Search code examples
javascriptstringunicodecodepointsurrogate-pairs

Split JavaScript string into array of codepoints? (taking into account "surrogate pairs" but not "grapheme clusters")


Splitting a JavaScript string into "characters" can be done trivially but there are problems if you care about Unicode (and you should care about Unicode).

JavaScript natively treats characters as 16-bit entities (UCS-2 or UTF-16) but this does not allow for Unicode characters outside the BMP (Basic Multilingual Plane).

To deal with Unicode characters beyond the BMP, JavaScript must take into account "surrogate pairs", which it does not do natively.

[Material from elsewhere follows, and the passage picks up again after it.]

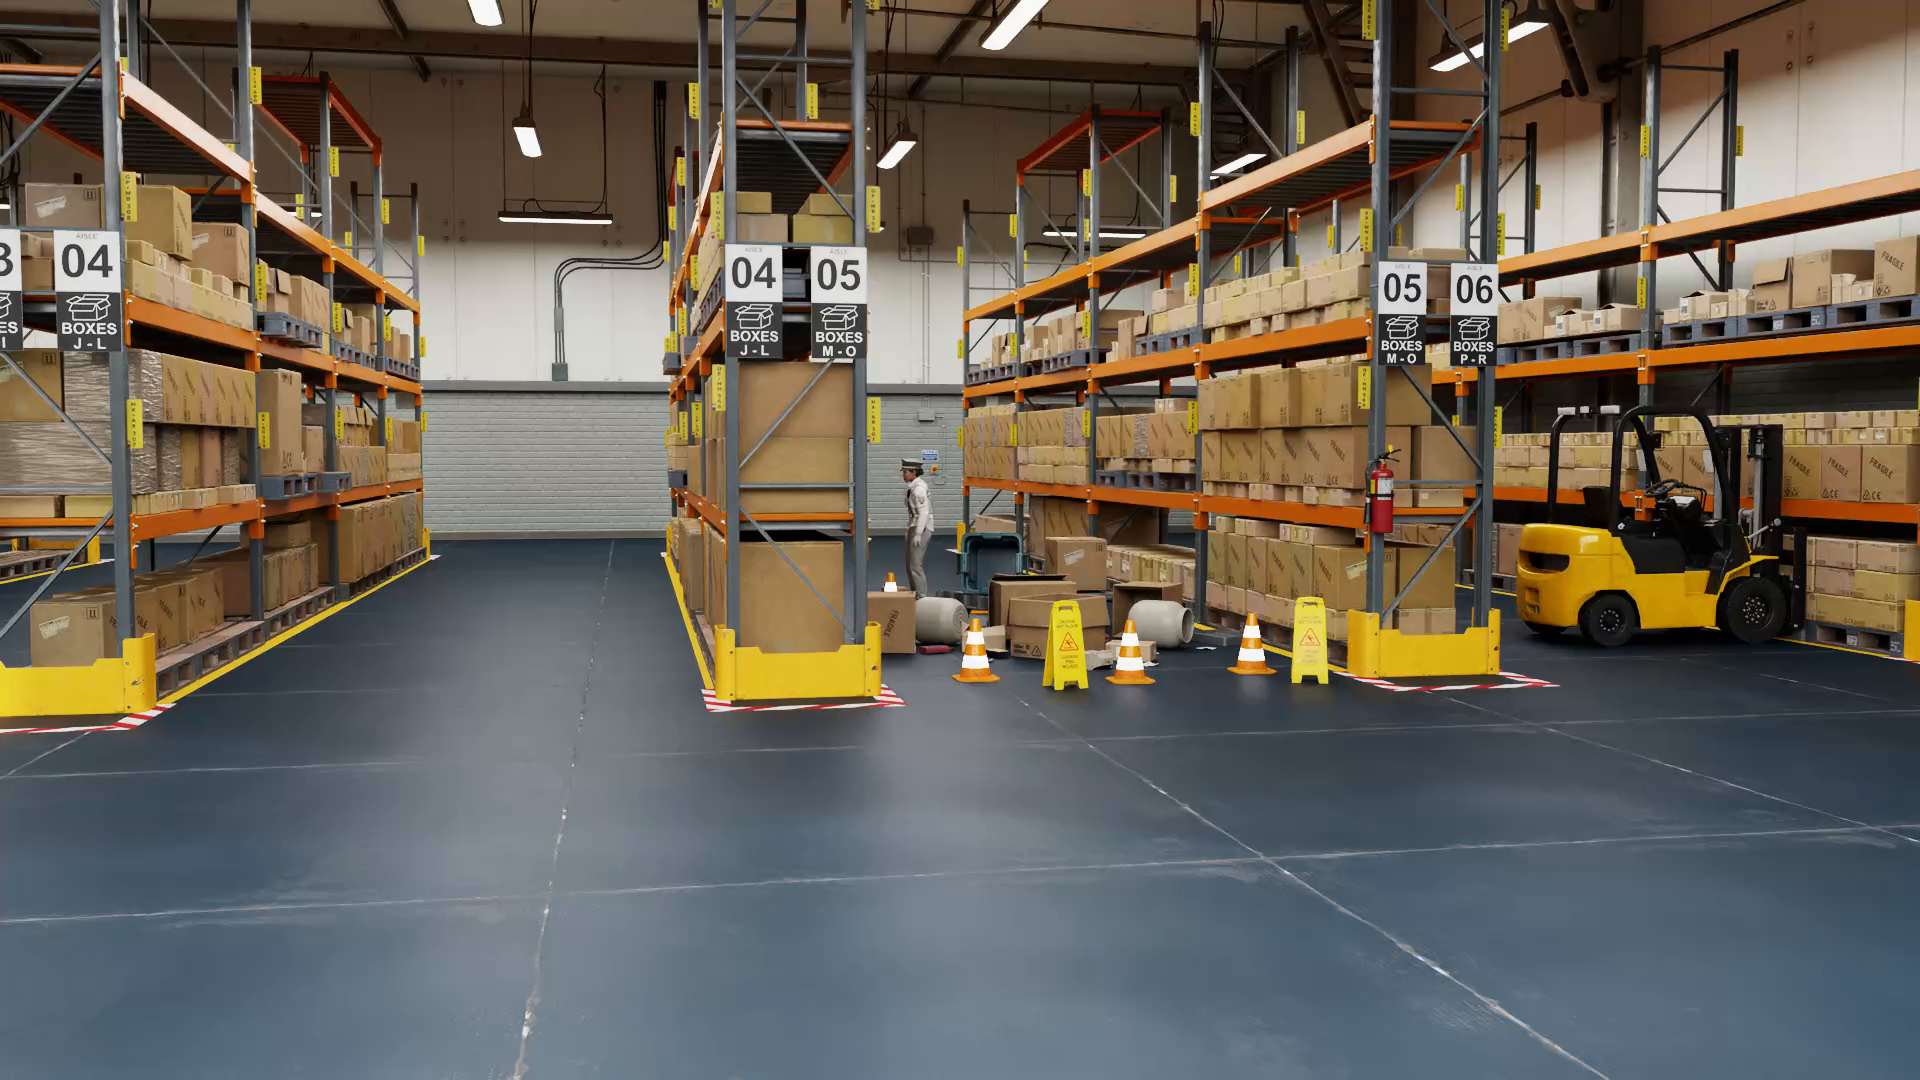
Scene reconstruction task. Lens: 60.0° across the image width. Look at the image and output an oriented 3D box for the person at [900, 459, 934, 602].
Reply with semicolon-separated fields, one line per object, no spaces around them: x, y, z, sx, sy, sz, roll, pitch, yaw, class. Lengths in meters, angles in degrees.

I'm looking for how to split a js string by codepoint, whether the codepoints require one or two JavaScript "characters" (code units).

Depending on your needs, splitting by codepoint might not be enough, and you might want to split by "grapheme cluster", where a cluster is a base codepoint followed by all its non-spacing modifier codepoints, such as combining accents and diacritics.

For the purposes of this question I do not require splitting by grapheme cluster.


Solution

  • @bobince's answer has (luckily) become a bit dated; you can now simply use

    var chars = Array.from( text )
    

    to obtain a list of single-codepoint strings which does respect astral / 32bit / surrogate Unicode characters.